If you find KnowSeq useful and you use it in your work, please cite it as follows:

Castillo-Secilla, D., Gálvez, J. M., Carrillo-Perez, F., Verona-Almeida, M., Redondo-Sánchez, D., Ortuno, F. M., ... & Rojas, I. (2021). KnowSeq R-Bioc package: The automatic smart gene expression tool for retrieving relevant biological knowledge. Computers in Biology and Medicine, 133, 104387.

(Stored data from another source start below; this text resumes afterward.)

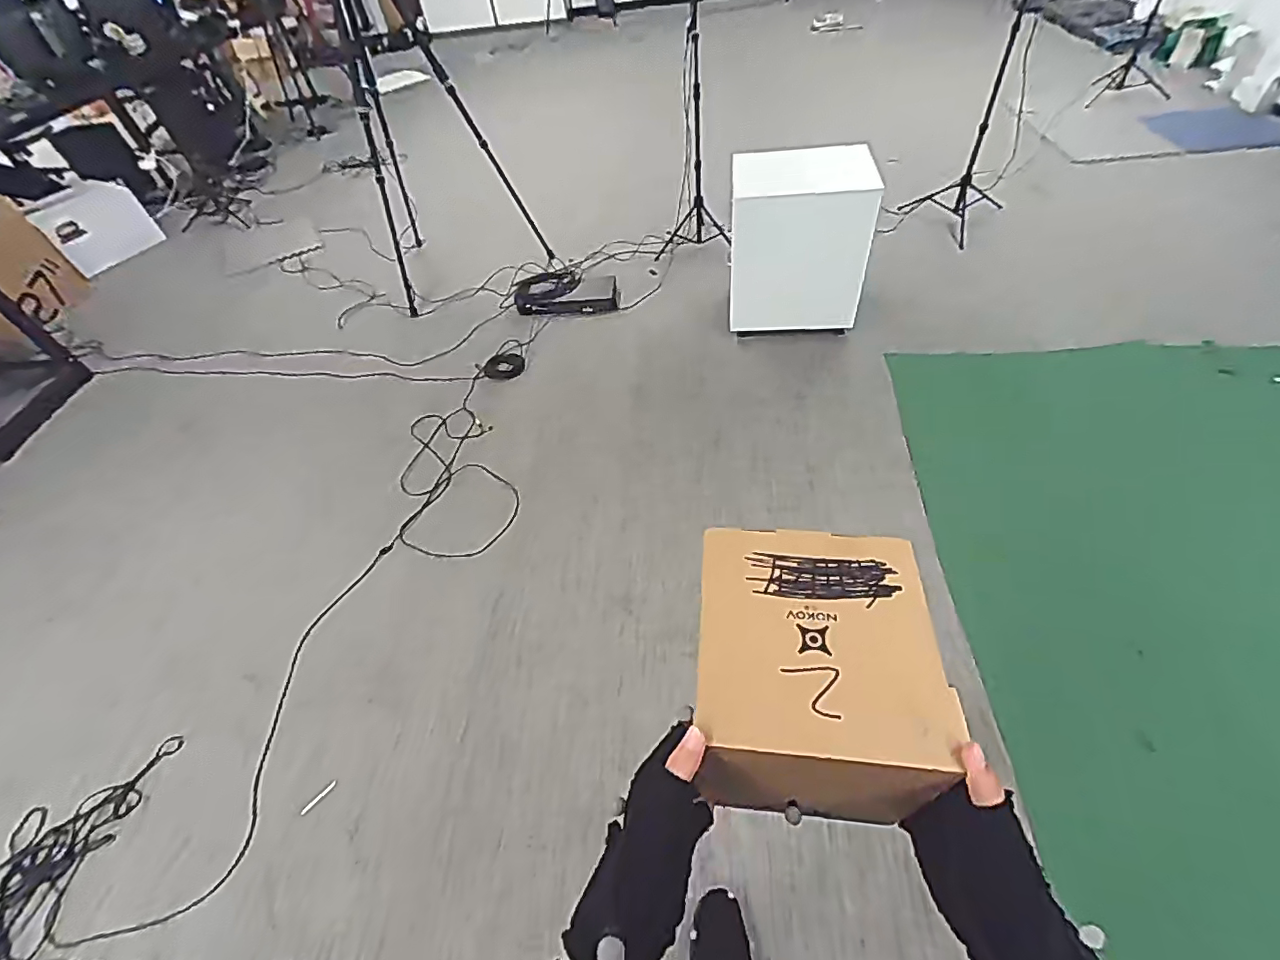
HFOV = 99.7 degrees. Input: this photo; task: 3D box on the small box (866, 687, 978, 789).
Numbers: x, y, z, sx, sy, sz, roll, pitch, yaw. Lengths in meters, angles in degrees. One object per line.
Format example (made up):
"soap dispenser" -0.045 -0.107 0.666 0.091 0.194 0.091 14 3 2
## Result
"small box" 0.629 0.588 1.228 0.168 0.176 0.179 0 51 7
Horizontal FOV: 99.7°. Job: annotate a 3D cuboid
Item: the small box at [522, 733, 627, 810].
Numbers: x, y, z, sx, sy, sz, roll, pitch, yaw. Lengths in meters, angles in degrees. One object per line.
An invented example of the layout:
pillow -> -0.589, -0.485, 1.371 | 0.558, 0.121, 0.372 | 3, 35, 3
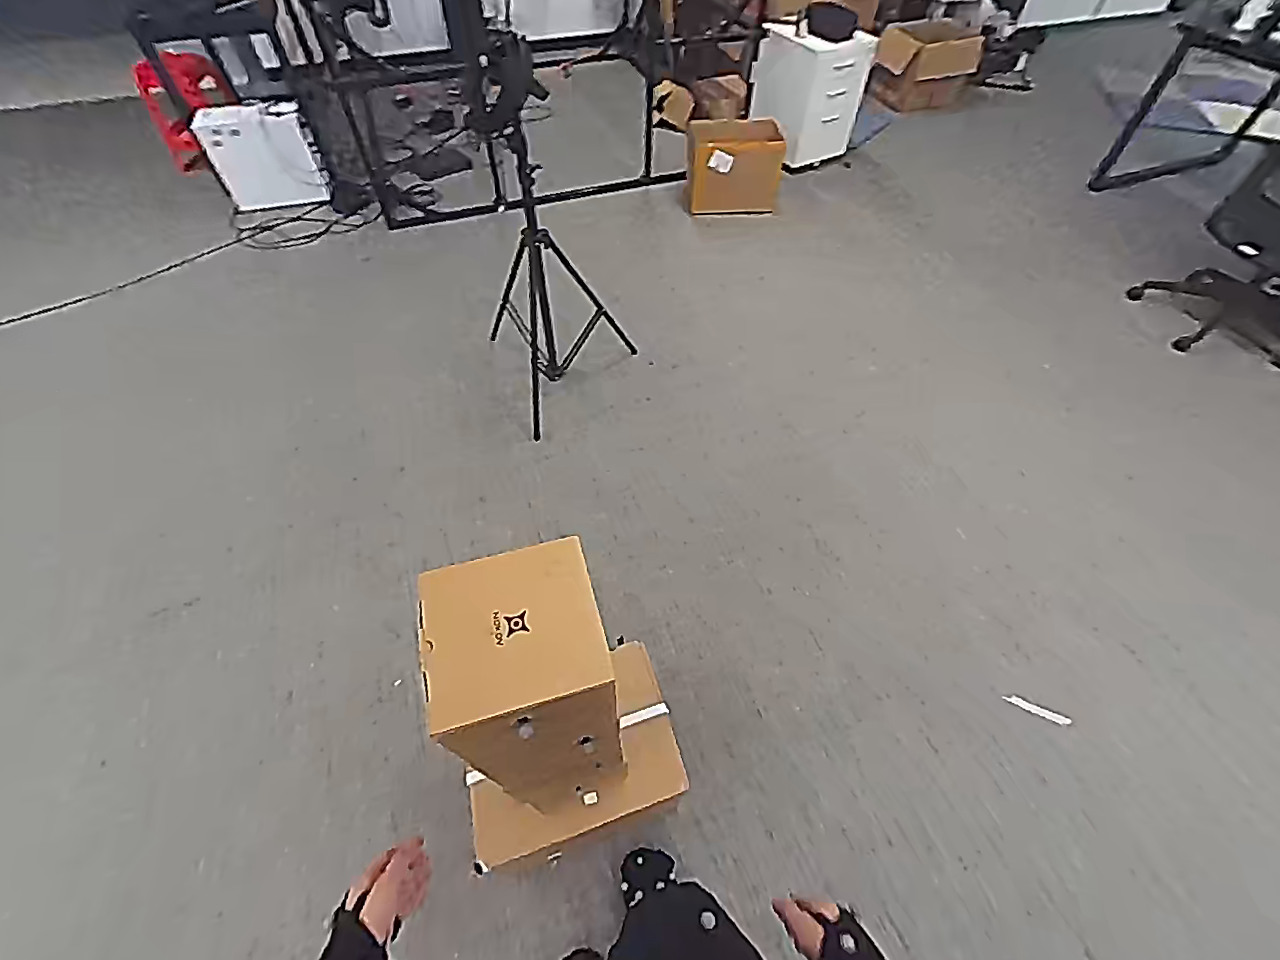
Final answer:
small box -> -0.130, 0.487, 1.001 | 0.179, 0.176, 0.168 | -16, 56, -14

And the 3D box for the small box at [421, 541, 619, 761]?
small box -> -0.128, 0.195, 0.607 | 0.179, 0.176, 0.168 | -14, 56, -10

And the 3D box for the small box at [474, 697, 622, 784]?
small box -> -0.130, 0.292, 0.737 | 0.179, 0.176, 0.168 | -14, 55, -11
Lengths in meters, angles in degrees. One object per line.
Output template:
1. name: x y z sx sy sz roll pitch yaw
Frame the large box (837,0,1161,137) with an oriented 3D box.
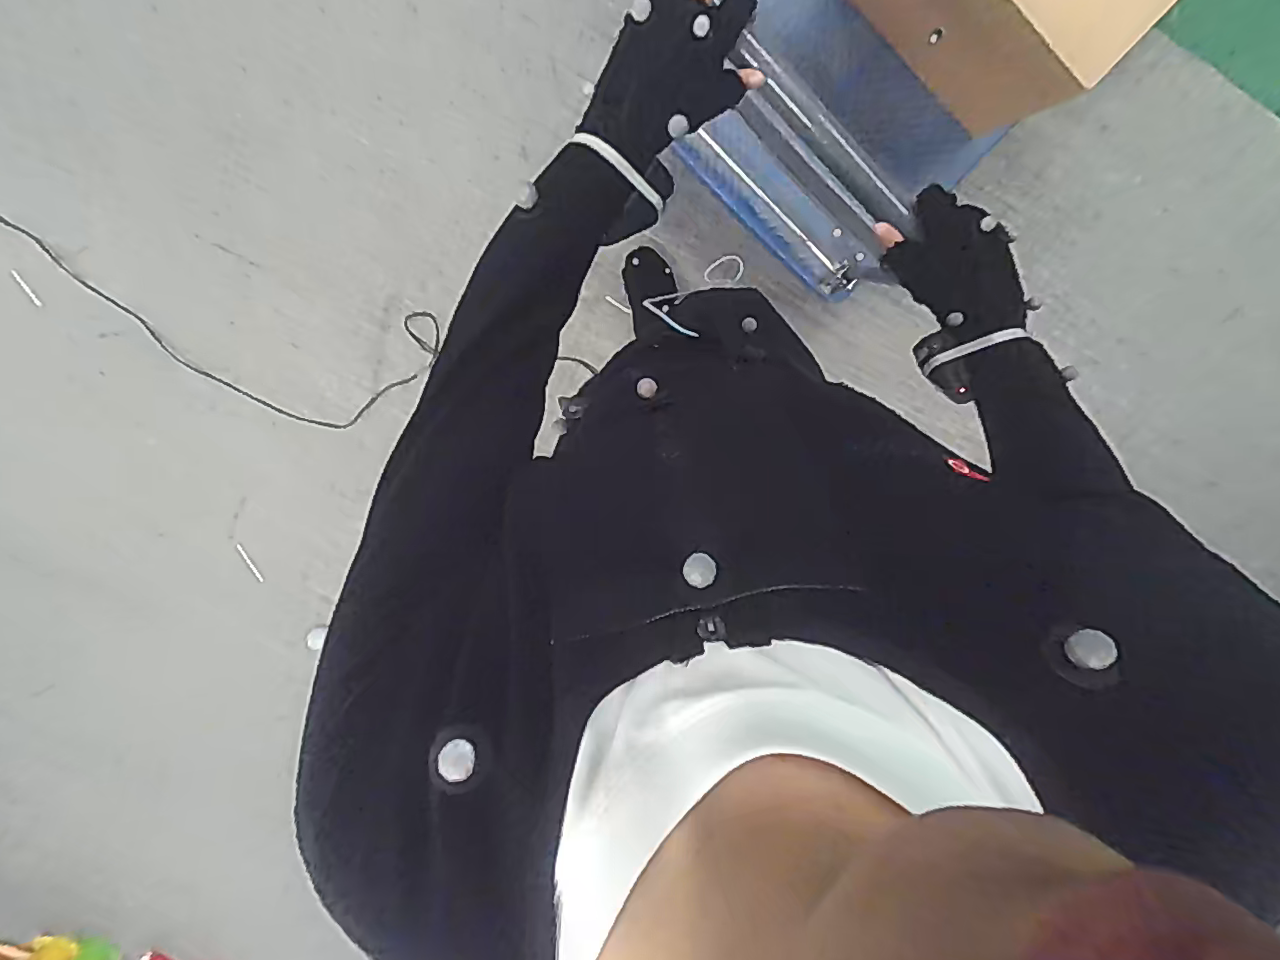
1. large box: 0.564 -0.824 0.819 0.408 0.320 0.320 38 108 -10
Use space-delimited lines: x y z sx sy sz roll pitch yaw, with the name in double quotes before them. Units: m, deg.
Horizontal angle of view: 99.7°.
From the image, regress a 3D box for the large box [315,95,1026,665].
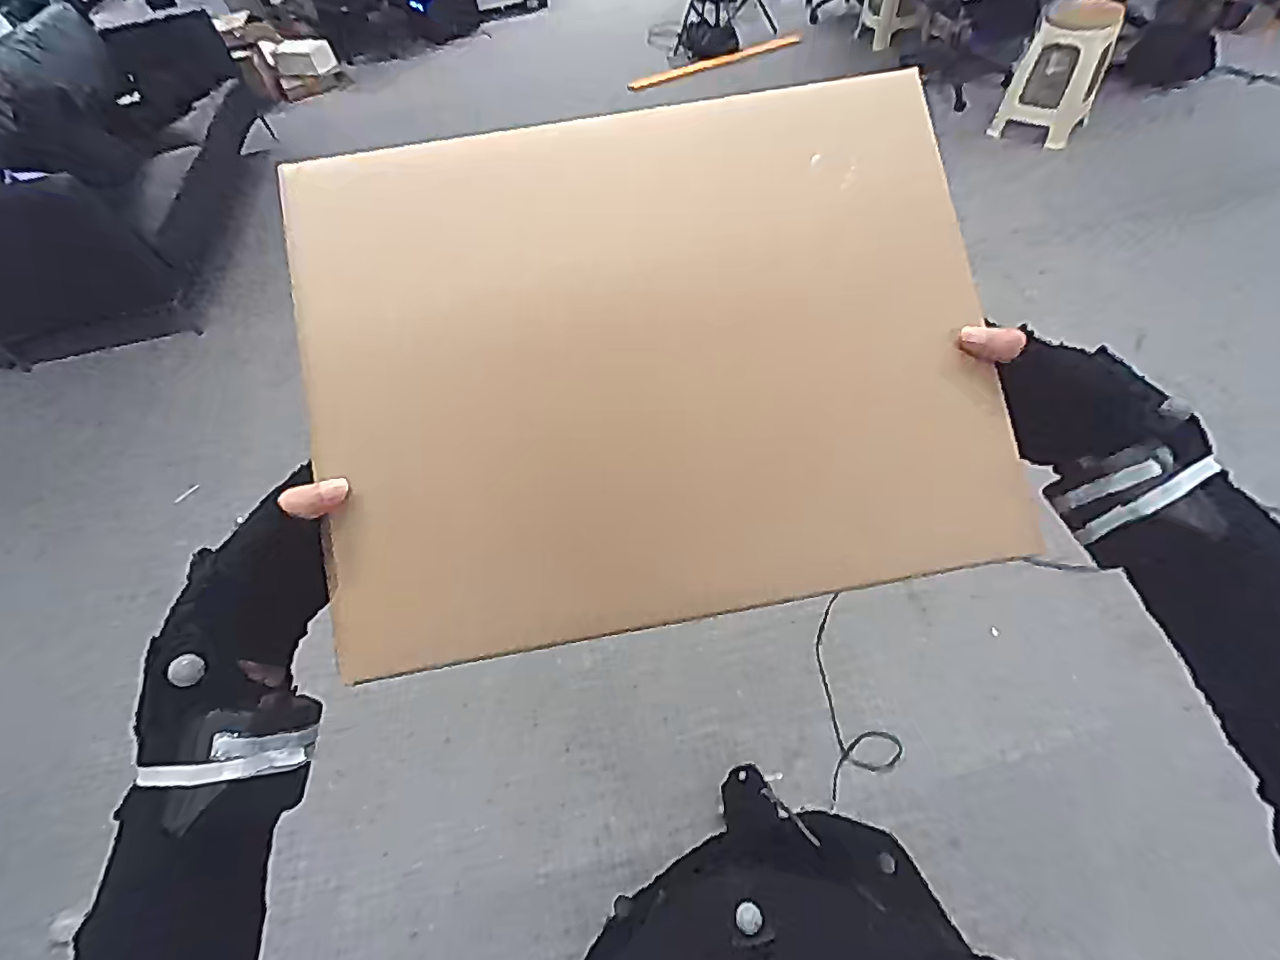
"large box" 0.009 -0.054 0.473 0.408 0.320 0.320 -9 84 -2

Publications that have used Knowseq

Carrillo-Perez, F., Morales, J. C., Castillo-Secilla, D., Molina-Castro, Y., Guillén, A., Rojas, I., & Herrera, L. J. (2021). Non-small-cell lung cancer classification via RNA-Seq and histology imaging probability fusion. BMC bioinformatics, 22(1), 1-19.

References

Castillo, D., Gálvez, J. M., Herrera, L. J., San Román, B., Rojas, F., & Rojas, I. (2017). Integration of RNA-Seq data with heterogeneous microarray data for breast cancer profiling. BMC bioinformatics, 18(1), 506.
Gálvez, J. M., Castillo, D., Herrera, L. J., San Roman, B., Valenzuela, O., Ortuno, F. M., & Rojas, I. (2018). Multiclass classification for skin cancer profiling based on the integration of heterogeneous gene expression series. PloS one, 13(5), e0196836.
Castillo, D., Galvez, J. M., Herrera, L. J., Rojas, F., Valenzuela, O., Caba, O., ... & Rojas, I. (2019). Leukemia multiclass assessment and classification from Microarray and RNA-seq technologies integration at gene expression level. PloS one, 14(2), e0212127.
Gálvez, J. M., Castillo, D., Herrera, L. J., Valenzuela, O., Caba, O., Prados, J. C., ... & Rojas, I. (2019). Towards Improving Skin Cancer Diagnosis by Integrating Microarray and RNA-seq Datasets. IEEE Journal of Biomedical and Health Informatics.
Castillo-Secilla, D., Gálvez, J. M., Carrillo-Perez, F., Verona-Almeida, M., Redondo-Sánchez, D., Ortuno, F. M., ... & Rojas, I. (2021). KnowSeq R-Bioc package: The automatic smart gene expression tool for retrieving relevant biological knowledge. Computers in Biology and Medicine, 133, 104387.